User Managed Concurrency Groups is an M:N threading toolkit that allows
constructing user space schedulers designed to efficiently manage
heterogeneous in-process workloads while maintaining high CPU
utilization (95%+).

In addition, M:N threading and cooperative user space scheduling
enables synchronous coding style and better cache locality when
compared to asynchronous callback/continuation style of programming.
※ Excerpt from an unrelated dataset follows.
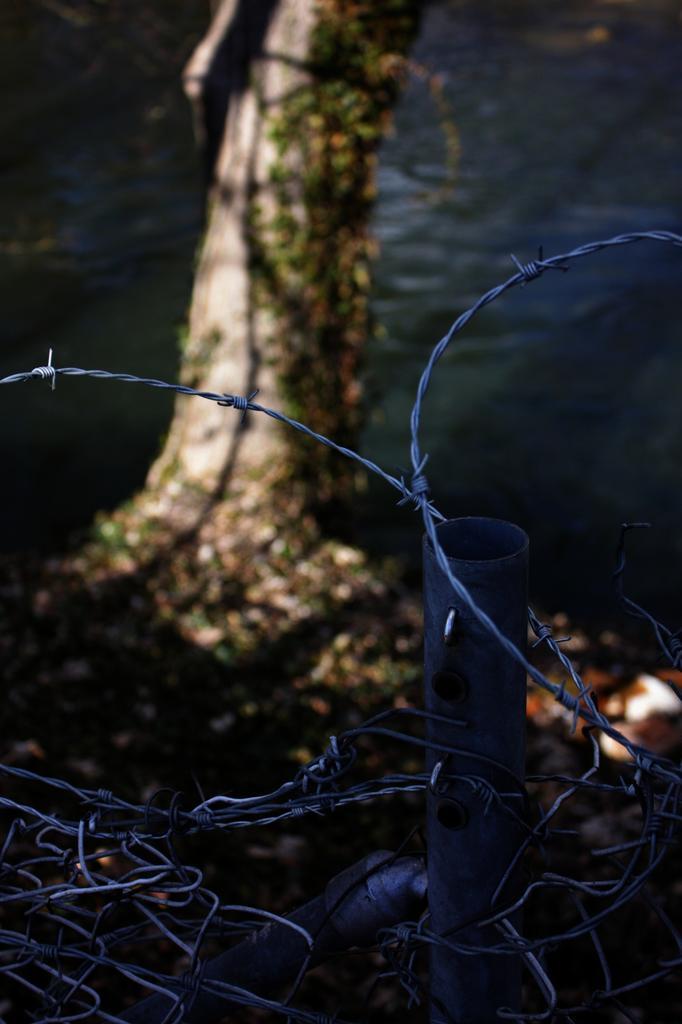In one or two sentences, can you explain what this image depicts? In this picture there is a fence in the foreground. At the back there is a tree. At the bottom there is water. 
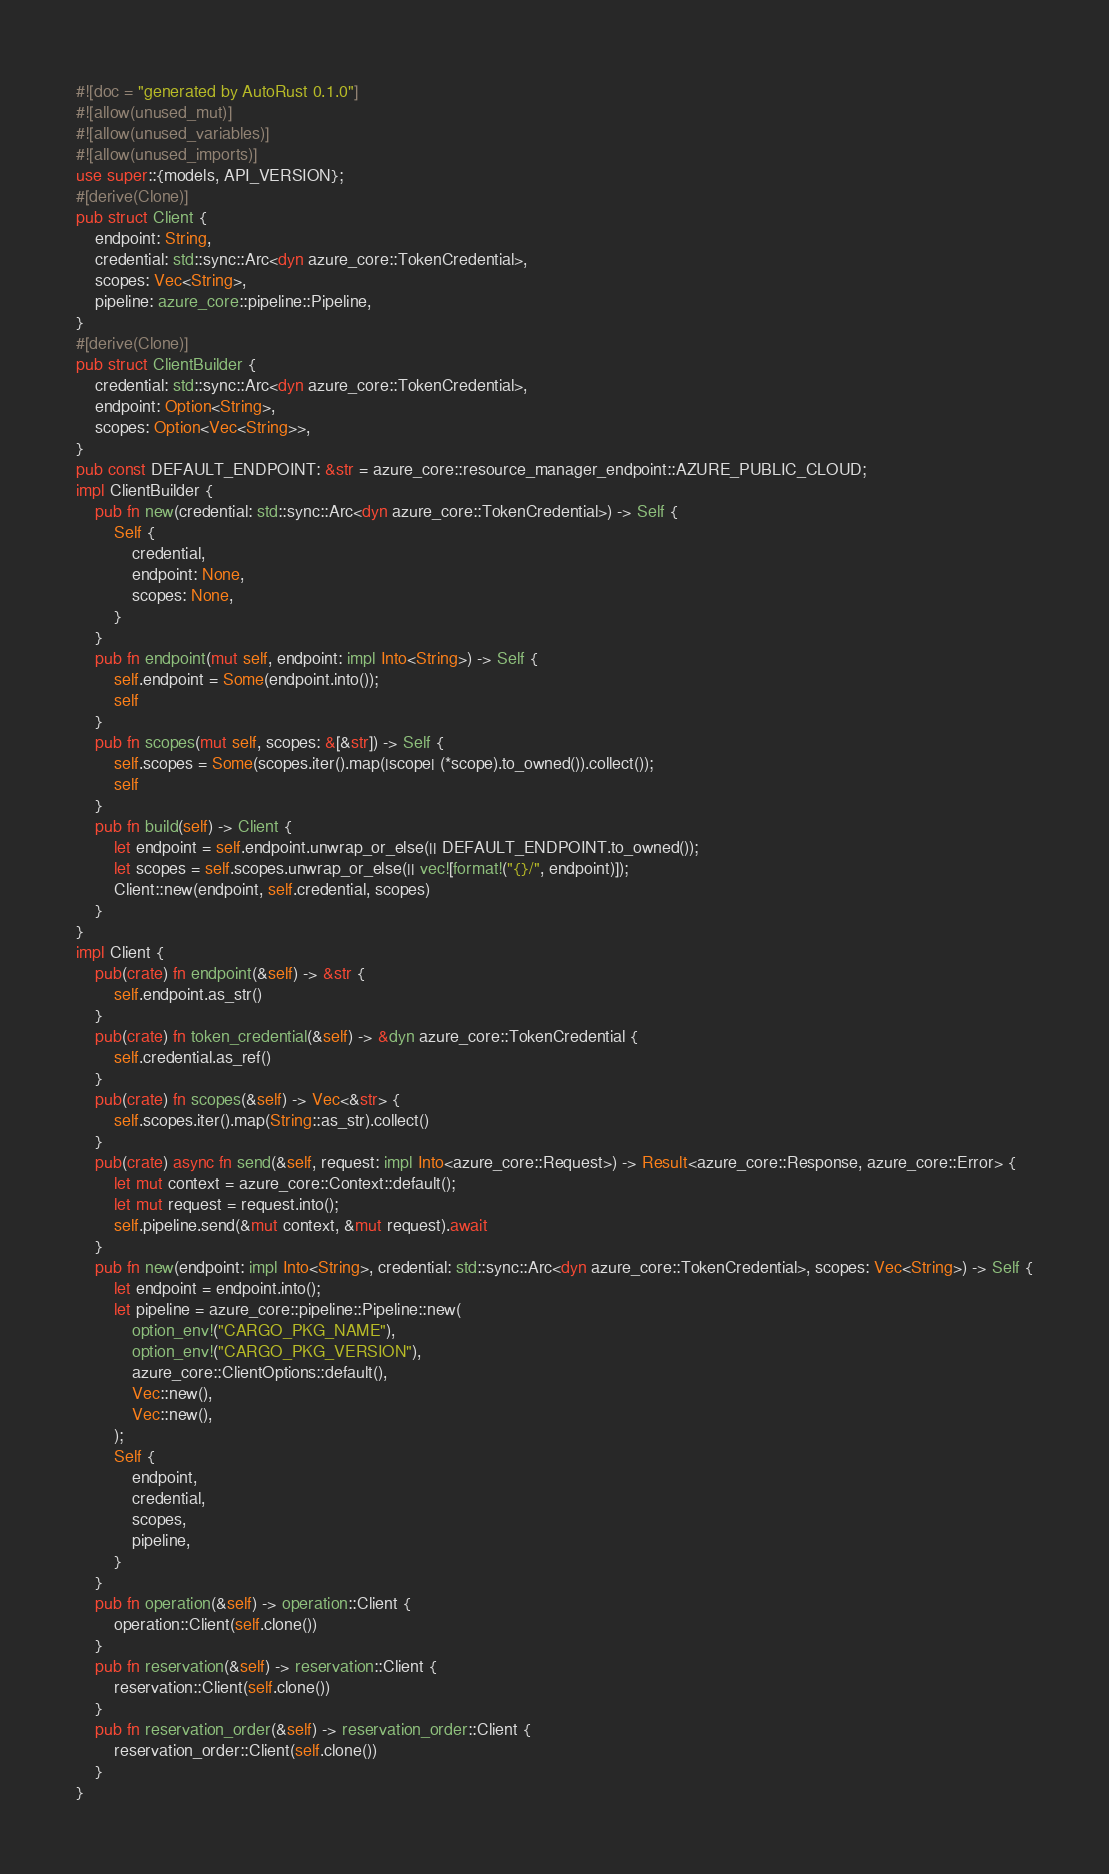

UMCG kernel API is build around the following ideas:

* UMCG server: a task/thread representing "kernel threads", or (v)CPUs;
* UMCG worker: a task/thread representing "application threads", to be
  scheduled over servers;
* UMCG task state: (NONE), RUNNING, BLOCKED, IDLE: states a UMCG task (a
  server or a worker) can be in;
* UMCG task state flag: LOCKED, PREEMPTED: additional state flags that
  can be ORed with the task state to communicate additional information to
  the kernel;
* struct umcg_task: a per-task userspace set of data fields, usually
  residing in the TLS, that fully reflects the current task's UMCG state
  and controls the way the kernel manages the task;
* sys_umcg_ctl(): a syscall used to register the current task/thread as a
  server or a worker, or to unregister a UMCG task;
* sys_umcg_wait(): a syscall used to put the current task to sleep and/or
  wake another task, pontentially context-switching between the two tasks
  on-CPU synchronously.

In short, servers can be thought of as CPUs over which application
threads (workers) are scheduled; at any one time a worker is either:
- RUNNING: has a server and is schedulable by the kernel;
- BLOCKED: blocked in the kernel (e.g. on I/O, or a futex);
- IDLE: is not blocked, but cannot be scheduled by the kernel to
  run because it has no server assigned to it (e.g. because all
  available servers are busy "running" other workers).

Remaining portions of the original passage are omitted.